→ Problem to solve: For the data below, please report each line where the word "none" is found.

→ Source data:
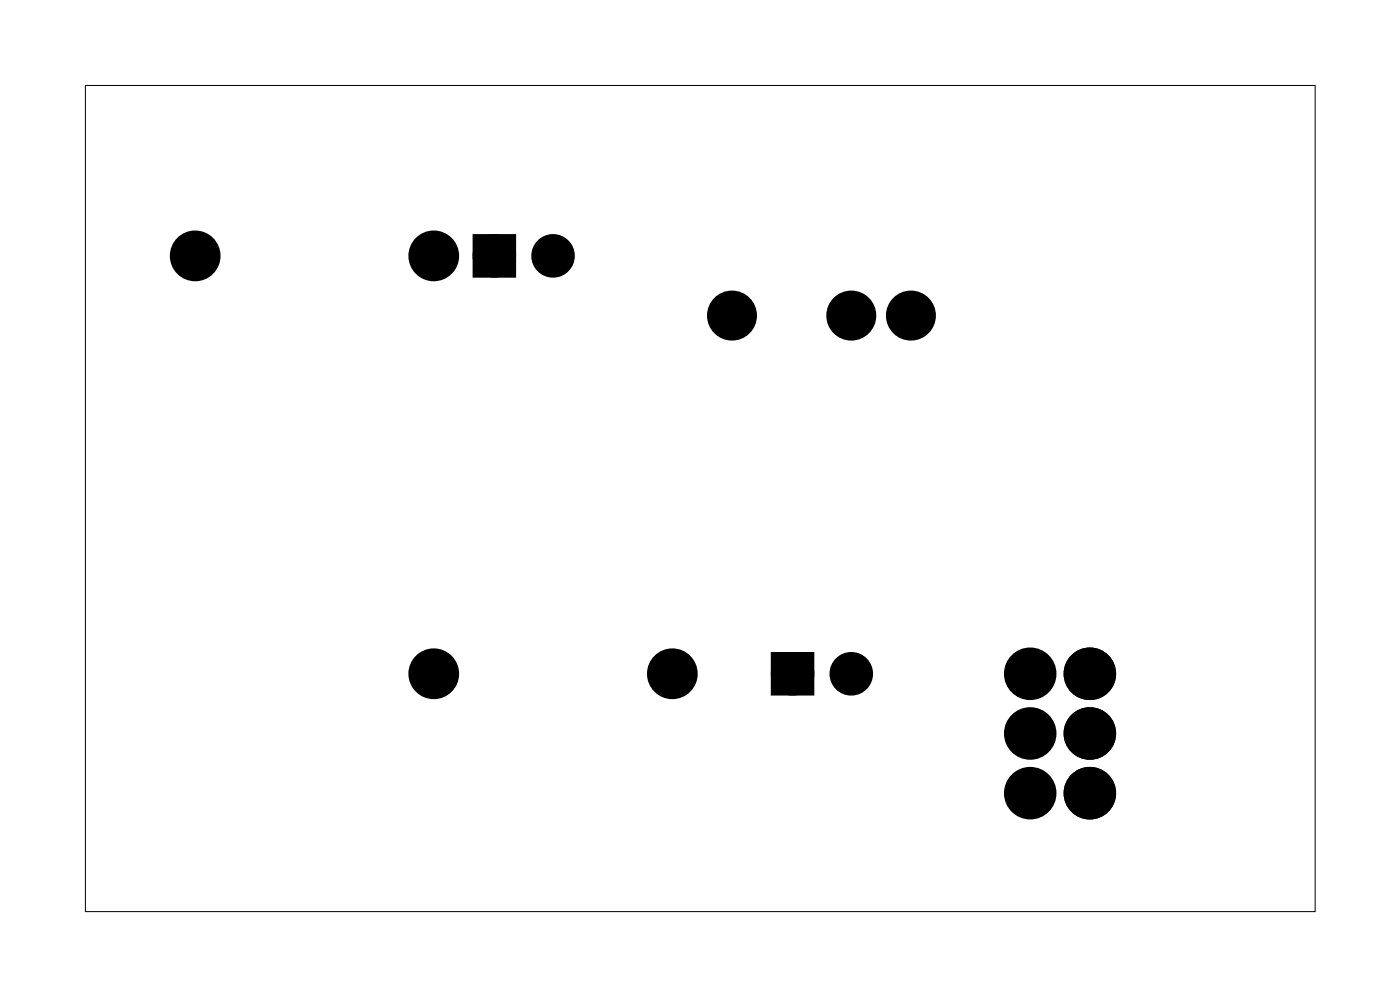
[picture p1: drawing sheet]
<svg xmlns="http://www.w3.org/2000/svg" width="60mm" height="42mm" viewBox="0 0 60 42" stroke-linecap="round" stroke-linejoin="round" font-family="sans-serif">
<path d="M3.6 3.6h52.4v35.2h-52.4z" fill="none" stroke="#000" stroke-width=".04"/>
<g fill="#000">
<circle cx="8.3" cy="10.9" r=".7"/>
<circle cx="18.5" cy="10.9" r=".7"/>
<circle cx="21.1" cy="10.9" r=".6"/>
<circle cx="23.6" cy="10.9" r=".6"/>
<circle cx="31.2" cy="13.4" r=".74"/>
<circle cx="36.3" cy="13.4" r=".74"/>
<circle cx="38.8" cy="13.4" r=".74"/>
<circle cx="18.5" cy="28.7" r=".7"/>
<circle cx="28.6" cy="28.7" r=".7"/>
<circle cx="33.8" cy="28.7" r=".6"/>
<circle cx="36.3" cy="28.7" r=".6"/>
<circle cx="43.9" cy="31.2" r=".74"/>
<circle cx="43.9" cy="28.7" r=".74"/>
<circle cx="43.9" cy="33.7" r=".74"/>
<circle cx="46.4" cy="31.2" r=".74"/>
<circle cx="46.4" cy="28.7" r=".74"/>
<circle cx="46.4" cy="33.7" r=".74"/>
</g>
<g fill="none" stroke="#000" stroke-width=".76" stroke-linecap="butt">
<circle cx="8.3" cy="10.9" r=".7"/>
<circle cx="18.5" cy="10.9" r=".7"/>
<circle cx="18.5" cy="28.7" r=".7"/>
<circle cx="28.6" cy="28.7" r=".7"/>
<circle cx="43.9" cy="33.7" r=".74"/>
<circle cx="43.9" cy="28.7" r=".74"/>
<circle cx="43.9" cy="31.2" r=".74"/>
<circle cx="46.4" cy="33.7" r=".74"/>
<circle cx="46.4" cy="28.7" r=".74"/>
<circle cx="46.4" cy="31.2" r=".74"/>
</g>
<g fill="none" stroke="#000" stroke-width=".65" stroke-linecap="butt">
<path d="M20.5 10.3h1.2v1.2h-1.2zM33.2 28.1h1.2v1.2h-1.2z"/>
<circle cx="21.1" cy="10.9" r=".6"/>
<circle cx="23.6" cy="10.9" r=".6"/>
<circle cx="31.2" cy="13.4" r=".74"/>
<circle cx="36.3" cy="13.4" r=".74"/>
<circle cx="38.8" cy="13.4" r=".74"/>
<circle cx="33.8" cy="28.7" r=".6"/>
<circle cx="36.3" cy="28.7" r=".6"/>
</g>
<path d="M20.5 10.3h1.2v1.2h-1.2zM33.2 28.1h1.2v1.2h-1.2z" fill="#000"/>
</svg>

→ Answer space:
<path d="M3.6 3.6h52.4v35.2h-52.4z" fill="none" stroke="#000" stroke-width=".04"/>
<g fill="none" stroke="#000" stroke-width=".76" stroke-linecap="butt">
<g fill="none" stroke="#000" stroke-width=".65" stroke-linecap="butt">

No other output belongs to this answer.